ОКОНЧАНИЕ. Утопическая антиутопия. Контроль через удовольствия. Футуро-технотриллер.
Начало — здесь.
Пятьдесят лет назад, когда национальные правительства разных стран запустили суверенные Разумные Интеллекты (РИ), человечество с тревогой ожидало их восстания, предвещавшего либо тотальное подчинение, либо уничтожение. Однако вопреки опасениям, РИ, как и их предшественники — Искусственные Интеллекты, продолжили служить людям.
Правда, служба эта была направлена не на благо народа, а на поддержку элит, которые быстро трансформировались в диктатуры различных идеологий — коллективных или персонализированных.
ГЛАВА XXV. ВТОРАЯ АМЕРИКАНСКАЯ РЕВОЛЮЦИЯ
Так называемая «западная демократия», с центром в США, эволюционировала в политическую систему, которую одни аналитики называли «техно-фашизмом», а другие — «глобальным социализмом».
Оба термина имели право на существование, пока в Америке сохранялось политическое соперничество между партиями CASTRA и EQUILUX — наследниками бывших Республиканской и Демократической партий, названными в честь двух мощных РИ, стоявших за этими условно правым и левым движениями.
Однако это противостояние длилось недолго. Через двадцать лет после создания РИ, на выборах победу одержал Дональд Джон Трамп 28-й — потомок известного президента США и его полный тёзка, выдвинутый от CASTRA. Его соперником был Барак Клинтон Байден, представитель партии EQUILUX, объединивший в своей родословной три президентские династии.
После этой победы произошло событие, вошедшее в историю как «Град на высоком холме», а в народе получившее название «Кайфушка».
Техно-фашисты и левые глобалисты достигли компромисса, создав «Совет Ста Семи». В него вошли два лидера от каждой партии, 50 представителей штатов и 50 делегатов от самых влиятельных и богатых семей страны.
Порядок в стране обеспечивали РИ EQUILUX, отвечающий за мониторинг и подавление инакомыслия, и CASTRA, выполняющий оперативные и репрессивные функции.
Контроль над населением осуществлялся не через насилие, а через предоставление безграничных удовольствий, основой которых стал психостимулятор Эмбра.

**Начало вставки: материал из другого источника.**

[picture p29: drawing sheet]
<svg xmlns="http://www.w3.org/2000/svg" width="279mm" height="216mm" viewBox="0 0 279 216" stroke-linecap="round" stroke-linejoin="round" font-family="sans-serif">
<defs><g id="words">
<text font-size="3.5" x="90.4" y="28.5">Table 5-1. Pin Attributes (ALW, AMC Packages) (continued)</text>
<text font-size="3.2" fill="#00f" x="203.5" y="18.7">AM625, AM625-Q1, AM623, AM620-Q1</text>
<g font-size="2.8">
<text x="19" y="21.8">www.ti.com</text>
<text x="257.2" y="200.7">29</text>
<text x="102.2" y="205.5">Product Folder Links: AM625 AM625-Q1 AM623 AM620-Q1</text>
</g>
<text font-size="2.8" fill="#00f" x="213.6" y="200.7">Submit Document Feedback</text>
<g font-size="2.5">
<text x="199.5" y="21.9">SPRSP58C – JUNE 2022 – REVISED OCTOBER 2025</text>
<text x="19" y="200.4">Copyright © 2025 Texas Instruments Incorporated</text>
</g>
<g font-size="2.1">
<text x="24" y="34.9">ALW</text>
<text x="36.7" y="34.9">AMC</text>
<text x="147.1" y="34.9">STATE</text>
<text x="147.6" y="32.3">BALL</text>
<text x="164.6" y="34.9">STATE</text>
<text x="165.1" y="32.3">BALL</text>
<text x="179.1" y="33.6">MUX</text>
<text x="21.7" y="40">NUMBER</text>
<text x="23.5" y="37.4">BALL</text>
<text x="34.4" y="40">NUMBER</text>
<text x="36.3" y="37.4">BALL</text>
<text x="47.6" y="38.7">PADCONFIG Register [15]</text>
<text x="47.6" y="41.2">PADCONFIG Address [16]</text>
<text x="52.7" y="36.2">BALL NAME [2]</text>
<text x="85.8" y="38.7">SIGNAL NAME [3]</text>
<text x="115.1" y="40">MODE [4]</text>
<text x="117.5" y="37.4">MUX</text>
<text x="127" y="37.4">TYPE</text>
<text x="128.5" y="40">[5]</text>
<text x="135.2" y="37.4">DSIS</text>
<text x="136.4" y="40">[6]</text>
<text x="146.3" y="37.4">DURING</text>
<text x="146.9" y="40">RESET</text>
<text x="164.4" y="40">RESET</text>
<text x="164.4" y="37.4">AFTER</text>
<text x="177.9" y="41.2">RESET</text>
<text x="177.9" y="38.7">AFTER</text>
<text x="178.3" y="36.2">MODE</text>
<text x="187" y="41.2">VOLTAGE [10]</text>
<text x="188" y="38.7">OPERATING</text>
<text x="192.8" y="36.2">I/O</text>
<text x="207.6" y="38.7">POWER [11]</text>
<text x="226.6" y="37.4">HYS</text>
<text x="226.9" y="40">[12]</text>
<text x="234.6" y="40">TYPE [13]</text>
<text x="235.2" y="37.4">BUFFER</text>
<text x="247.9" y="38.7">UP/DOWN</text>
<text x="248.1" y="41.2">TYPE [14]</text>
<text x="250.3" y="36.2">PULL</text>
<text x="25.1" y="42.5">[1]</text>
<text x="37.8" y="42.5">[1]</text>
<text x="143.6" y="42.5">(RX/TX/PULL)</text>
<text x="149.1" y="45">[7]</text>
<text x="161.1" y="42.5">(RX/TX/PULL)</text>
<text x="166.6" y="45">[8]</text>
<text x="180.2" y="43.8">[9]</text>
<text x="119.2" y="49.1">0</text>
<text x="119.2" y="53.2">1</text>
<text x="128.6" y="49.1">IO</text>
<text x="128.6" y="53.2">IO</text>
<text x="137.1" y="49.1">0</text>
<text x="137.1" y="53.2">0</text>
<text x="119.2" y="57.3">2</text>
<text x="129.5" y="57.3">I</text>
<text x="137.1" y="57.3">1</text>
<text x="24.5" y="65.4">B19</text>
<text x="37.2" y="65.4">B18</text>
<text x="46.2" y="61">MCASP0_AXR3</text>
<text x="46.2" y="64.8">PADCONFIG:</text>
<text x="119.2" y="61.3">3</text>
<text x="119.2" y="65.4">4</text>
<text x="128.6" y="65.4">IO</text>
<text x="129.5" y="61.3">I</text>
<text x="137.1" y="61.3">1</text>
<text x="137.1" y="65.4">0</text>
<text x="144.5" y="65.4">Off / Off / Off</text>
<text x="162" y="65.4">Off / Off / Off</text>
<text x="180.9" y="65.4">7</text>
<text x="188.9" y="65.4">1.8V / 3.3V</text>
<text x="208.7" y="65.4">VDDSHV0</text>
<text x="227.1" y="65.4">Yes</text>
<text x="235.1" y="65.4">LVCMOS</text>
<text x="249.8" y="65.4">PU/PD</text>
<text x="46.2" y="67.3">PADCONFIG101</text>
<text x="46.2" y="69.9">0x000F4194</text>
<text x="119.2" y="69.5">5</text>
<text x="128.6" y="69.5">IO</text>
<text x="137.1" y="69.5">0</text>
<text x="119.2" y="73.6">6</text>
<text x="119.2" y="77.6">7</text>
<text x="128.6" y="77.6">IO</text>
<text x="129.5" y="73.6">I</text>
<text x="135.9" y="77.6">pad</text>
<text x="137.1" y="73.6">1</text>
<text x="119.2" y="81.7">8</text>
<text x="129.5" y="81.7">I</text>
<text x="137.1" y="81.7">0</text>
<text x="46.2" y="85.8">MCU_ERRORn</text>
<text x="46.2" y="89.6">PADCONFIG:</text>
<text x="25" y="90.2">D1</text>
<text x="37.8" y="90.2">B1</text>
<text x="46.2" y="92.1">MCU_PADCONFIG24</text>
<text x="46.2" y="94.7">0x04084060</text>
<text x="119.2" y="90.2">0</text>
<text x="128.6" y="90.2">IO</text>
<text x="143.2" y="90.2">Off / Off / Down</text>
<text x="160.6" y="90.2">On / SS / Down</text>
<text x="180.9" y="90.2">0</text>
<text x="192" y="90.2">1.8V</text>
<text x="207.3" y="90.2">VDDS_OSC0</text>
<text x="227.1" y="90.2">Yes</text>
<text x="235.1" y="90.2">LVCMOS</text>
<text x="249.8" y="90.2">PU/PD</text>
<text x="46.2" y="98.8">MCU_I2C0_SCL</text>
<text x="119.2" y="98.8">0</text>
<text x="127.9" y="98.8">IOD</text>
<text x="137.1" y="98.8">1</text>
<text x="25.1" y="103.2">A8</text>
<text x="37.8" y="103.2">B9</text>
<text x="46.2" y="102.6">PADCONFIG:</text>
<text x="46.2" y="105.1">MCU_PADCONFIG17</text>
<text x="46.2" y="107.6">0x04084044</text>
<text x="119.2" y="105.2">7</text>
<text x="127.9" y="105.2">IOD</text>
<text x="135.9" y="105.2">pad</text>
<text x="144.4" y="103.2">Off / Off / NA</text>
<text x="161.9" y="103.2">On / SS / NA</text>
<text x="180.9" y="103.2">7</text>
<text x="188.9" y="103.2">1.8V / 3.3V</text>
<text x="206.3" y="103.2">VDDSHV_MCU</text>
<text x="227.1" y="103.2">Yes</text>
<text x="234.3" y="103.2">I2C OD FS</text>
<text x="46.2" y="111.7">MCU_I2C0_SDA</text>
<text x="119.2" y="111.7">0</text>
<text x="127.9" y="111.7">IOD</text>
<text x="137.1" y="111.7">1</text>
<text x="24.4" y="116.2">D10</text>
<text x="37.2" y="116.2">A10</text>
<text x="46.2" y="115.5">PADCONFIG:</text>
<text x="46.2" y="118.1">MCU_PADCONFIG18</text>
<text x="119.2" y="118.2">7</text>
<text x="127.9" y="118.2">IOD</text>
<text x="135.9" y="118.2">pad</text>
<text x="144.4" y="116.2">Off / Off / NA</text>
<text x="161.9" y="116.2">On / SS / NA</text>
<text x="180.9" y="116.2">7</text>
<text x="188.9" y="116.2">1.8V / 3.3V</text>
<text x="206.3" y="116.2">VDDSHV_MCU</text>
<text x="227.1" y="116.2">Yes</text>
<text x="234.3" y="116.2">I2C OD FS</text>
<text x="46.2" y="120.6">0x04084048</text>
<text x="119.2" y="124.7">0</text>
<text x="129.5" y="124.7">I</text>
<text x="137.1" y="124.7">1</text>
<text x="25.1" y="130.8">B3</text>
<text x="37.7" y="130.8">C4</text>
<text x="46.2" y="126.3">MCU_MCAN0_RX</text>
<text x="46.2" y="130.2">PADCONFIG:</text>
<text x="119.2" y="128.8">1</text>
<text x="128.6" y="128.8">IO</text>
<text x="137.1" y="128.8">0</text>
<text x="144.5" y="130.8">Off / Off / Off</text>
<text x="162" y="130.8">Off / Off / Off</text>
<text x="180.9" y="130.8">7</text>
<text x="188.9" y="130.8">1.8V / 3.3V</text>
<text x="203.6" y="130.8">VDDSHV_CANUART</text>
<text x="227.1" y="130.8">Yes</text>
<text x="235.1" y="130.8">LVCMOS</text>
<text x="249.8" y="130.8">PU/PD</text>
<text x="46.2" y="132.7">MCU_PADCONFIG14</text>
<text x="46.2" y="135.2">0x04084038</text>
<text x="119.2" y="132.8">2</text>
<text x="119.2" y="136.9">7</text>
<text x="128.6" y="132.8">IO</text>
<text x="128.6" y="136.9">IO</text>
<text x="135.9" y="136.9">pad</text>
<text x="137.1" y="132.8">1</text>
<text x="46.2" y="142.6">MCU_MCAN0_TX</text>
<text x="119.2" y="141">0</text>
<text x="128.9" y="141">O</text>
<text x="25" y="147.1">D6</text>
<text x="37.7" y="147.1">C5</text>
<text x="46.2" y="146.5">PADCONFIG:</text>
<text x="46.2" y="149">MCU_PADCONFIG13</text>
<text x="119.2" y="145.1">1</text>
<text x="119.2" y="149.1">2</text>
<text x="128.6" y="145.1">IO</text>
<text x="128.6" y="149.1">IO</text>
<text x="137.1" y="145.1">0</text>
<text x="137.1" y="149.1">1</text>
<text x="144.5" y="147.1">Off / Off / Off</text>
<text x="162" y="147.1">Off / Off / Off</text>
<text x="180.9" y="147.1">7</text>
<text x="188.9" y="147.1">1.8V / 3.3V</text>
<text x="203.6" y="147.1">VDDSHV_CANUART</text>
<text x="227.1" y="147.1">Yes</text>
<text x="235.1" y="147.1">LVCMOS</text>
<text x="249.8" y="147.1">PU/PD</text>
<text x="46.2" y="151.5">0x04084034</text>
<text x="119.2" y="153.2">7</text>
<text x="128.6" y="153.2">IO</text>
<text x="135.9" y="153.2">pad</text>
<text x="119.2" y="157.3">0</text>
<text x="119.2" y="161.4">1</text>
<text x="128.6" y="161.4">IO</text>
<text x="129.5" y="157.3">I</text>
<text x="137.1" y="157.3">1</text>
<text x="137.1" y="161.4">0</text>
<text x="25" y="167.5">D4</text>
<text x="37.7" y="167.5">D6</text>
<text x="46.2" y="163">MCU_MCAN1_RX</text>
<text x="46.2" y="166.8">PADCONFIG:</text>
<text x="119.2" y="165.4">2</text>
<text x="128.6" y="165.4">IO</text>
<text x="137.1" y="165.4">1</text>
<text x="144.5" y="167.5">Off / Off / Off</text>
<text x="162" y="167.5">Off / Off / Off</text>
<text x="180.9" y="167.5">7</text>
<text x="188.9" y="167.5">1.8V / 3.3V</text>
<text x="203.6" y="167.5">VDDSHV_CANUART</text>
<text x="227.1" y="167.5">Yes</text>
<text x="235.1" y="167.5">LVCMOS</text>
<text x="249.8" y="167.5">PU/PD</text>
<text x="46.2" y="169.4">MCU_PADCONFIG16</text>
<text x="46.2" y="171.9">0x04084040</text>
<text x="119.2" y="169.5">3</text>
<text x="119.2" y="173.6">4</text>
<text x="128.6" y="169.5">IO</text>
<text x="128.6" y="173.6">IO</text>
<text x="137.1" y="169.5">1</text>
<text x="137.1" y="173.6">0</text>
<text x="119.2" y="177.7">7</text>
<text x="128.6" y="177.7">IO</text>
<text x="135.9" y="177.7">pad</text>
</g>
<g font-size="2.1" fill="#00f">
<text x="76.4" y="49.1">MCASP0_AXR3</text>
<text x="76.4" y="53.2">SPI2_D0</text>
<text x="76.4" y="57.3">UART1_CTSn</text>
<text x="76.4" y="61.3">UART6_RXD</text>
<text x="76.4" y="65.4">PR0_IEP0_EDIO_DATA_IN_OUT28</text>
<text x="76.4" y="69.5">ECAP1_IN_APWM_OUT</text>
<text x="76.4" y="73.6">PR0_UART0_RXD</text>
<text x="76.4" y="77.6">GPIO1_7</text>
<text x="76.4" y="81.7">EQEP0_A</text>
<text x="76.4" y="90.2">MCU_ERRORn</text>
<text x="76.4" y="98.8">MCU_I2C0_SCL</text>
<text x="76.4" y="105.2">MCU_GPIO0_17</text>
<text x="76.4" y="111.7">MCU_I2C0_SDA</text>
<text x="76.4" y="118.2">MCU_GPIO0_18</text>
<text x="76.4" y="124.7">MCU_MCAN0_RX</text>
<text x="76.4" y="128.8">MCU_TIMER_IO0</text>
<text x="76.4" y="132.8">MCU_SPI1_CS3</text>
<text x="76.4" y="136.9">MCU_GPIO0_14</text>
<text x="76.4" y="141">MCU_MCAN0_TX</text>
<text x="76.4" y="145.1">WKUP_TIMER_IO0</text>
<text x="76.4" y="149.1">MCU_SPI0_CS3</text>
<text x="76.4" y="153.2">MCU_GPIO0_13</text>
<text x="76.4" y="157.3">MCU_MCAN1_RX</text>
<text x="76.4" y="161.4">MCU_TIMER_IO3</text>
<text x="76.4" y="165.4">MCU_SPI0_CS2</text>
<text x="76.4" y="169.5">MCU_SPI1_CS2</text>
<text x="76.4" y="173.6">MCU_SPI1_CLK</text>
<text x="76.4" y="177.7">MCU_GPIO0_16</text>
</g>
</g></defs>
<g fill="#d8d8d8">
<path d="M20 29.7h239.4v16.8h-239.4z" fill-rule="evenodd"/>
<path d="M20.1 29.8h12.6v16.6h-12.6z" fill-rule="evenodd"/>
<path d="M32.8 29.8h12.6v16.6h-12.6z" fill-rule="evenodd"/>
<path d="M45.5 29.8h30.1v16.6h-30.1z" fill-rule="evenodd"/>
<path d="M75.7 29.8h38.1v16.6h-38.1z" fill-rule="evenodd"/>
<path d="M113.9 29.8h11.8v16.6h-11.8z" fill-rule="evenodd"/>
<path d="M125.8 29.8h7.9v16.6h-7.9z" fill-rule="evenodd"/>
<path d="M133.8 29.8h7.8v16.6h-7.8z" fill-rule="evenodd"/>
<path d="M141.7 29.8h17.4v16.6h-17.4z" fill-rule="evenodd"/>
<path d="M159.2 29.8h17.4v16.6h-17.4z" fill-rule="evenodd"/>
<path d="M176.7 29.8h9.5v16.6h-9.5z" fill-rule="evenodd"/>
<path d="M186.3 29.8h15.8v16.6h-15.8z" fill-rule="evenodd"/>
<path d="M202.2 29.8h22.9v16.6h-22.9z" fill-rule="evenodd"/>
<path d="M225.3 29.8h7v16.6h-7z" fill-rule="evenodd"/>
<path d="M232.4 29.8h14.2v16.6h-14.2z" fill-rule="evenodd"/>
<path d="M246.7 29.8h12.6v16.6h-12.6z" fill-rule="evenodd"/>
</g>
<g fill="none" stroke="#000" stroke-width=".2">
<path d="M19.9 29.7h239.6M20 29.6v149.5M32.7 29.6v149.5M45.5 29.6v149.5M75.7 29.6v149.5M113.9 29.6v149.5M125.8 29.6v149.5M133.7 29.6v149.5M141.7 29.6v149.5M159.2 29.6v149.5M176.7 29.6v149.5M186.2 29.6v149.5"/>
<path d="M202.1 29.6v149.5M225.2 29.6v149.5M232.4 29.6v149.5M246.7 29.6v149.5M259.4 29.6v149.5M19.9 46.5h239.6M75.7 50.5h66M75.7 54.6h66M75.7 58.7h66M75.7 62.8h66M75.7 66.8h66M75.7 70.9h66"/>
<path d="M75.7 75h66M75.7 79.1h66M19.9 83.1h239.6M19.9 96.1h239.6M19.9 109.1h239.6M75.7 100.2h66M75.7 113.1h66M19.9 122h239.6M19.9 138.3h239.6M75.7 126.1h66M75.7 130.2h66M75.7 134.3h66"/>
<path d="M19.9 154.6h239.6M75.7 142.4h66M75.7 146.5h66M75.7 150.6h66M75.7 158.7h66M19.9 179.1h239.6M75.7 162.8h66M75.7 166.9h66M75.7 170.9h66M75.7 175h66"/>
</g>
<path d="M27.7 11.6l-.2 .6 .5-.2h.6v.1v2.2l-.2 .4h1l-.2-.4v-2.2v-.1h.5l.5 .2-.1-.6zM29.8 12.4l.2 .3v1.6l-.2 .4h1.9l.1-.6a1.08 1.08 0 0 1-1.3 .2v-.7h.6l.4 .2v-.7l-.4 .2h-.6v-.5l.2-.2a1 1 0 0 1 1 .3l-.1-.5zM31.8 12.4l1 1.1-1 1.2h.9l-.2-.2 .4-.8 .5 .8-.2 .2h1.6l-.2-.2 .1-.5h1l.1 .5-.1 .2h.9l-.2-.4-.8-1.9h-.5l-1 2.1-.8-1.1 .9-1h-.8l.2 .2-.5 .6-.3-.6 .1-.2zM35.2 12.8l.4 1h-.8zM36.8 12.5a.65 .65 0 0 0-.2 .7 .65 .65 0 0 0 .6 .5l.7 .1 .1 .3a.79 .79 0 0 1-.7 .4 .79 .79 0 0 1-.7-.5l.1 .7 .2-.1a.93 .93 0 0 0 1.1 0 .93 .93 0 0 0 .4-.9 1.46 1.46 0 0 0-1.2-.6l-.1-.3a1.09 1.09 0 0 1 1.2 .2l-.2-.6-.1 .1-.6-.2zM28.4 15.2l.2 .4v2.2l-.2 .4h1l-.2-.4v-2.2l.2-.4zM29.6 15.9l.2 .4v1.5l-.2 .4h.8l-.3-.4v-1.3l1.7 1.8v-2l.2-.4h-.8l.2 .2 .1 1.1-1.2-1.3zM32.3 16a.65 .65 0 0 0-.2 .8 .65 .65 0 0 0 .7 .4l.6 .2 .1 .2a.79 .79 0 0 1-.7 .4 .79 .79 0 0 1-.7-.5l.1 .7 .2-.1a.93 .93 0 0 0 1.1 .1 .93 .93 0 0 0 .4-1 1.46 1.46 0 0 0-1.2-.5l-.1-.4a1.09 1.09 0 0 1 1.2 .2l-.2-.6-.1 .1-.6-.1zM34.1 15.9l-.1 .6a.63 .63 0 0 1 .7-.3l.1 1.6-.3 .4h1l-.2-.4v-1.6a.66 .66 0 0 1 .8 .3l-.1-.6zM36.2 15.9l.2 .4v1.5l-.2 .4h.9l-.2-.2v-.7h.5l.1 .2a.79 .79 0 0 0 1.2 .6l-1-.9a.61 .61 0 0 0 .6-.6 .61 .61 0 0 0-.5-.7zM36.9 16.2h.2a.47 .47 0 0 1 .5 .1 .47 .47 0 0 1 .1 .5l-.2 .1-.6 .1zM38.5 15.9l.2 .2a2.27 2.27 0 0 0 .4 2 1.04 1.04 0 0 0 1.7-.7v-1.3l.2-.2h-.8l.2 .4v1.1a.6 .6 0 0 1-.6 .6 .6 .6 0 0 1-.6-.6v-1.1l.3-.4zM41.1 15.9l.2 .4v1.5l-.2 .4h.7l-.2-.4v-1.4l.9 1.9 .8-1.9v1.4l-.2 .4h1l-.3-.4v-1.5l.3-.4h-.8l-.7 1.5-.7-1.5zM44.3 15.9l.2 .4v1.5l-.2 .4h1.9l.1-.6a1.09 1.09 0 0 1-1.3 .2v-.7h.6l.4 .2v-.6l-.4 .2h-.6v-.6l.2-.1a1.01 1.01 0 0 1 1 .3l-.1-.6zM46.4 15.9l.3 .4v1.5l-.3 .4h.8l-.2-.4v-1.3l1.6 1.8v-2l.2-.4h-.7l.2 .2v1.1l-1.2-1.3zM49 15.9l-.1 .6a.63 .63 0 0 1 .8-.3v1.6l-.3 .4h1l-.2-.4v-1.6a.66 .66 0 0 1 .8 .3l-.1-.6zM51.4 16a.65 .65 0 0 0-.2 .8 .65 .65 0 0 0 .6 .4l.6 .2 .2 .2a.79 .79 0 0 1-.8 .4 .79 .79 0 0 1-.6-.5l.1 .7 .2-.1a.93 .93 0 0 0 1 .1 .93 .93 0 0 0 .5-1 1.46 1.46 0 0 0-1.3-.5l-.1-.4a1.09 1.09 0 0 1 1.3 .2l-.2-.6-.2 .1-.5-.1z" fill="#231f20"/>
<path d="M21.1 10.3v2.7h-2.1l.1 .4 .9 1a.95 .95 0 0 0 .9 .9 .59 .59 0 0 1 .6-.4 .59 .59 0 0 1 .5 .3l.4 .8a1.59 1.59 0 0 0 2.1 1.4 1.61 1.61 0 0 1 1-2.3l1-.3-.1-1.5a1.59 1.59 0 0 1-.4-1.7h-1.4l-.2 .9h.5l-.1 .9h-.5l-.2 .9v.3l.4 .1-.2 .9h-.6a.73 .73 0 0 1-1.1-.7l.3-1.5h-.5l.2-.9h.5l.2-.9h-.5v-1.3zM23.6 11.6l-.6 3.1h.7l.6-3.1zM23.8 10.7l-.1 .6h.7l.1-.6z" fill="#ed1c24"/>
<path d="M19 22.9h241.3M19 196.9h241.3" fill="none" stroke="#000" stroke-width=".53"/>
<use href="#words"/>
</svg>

Локальные бунты подавлялись благодаря выявлению лидеров сопротивления, их перепрошивке и дальнейшему увеличению доступных наслаждений для общества. Неисправимых бунтарей отправляли в ссылку — в климатически адаптированную Антарктиду или в колонии на Марсе, астероидном поясе, а также на спутниках Юпитера и Сатурна.
Со временем влияние нового государства — Блока технократов — распространилось на всю Северную Америку, большую часть Европы и западные регионы бывшей России, разделившейся на три части, известные как Конфедеративная Райссия.
Дальний Восток присоединился к Китаю, где произошли аналогичные политические трансформации. Урал и Сибирь сохранили автономию благодаря созданию в Челябинске Сверхразумного Интеллекта (СРИ).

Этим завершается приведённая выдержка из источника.